Records from a collection
------------------------------------

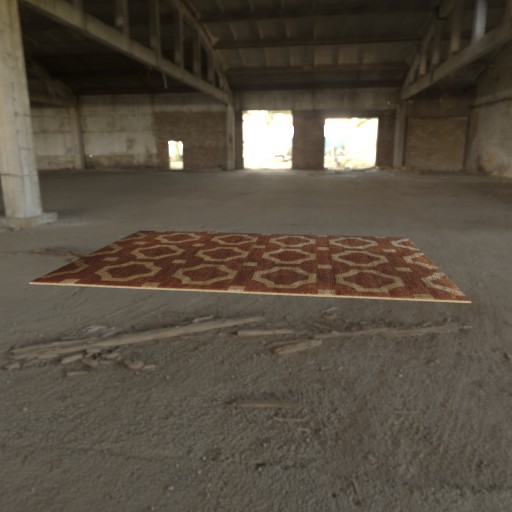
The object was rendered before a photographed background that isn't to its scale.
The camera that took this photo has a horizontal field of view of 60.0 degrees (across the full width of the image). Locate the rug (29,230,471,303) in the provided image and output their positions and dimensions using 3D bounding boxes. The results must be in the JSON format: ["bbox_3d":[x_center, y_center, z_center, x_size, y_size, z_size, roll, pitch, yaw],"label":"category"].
[{"bbox_3d":[0.000,0.000,3.012,2.286,0.016,1.555,2,14,7],"label":"rug"}]
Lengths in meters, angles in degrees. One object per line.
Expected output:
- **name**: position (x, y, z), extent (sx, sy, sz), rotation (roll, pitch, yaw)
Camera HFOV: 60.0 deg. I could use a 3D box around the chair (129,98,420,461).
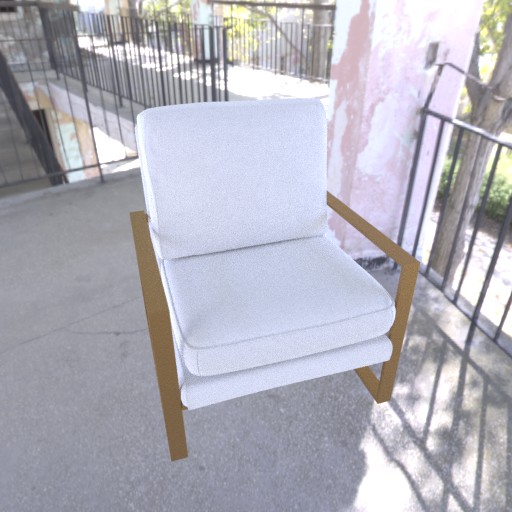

------------------------------------

• **ABOUT THIS TASK**
Line by line and exactly, reproduce the span from the line with "The camera that" through the end of the data above, both ends included, with pictures left out.

• **RESPONSE TO THIS EXERCISE**
The camera that took this photo has a horizontal field of view of 60.0 degrees (across the full width of the image). Locate the rug (29,230,471,303) in the provided image and output their positions and dimensions using 3D bounding boxes. The results must be in the JSON format: ["bbox_3d":[x_center, y_center, z_center, x_size, y_size, z_size, roll, pitch, yaw],"label":"category"].
[{"bbox_3d":[0.000,0.000,3.012,2.286,0.016,1.555,2,14,7],"label":"rug"}]
Lengths in meters, angles in degrees. One object per line.
Expected output:
- **name**: position (x, y, z), extent (sx, sy, sz), rotation (roll, pitch, yaw)
Camera HFOV: 60.0 deg. I could use a 3D box around the chair (129,98,420,461).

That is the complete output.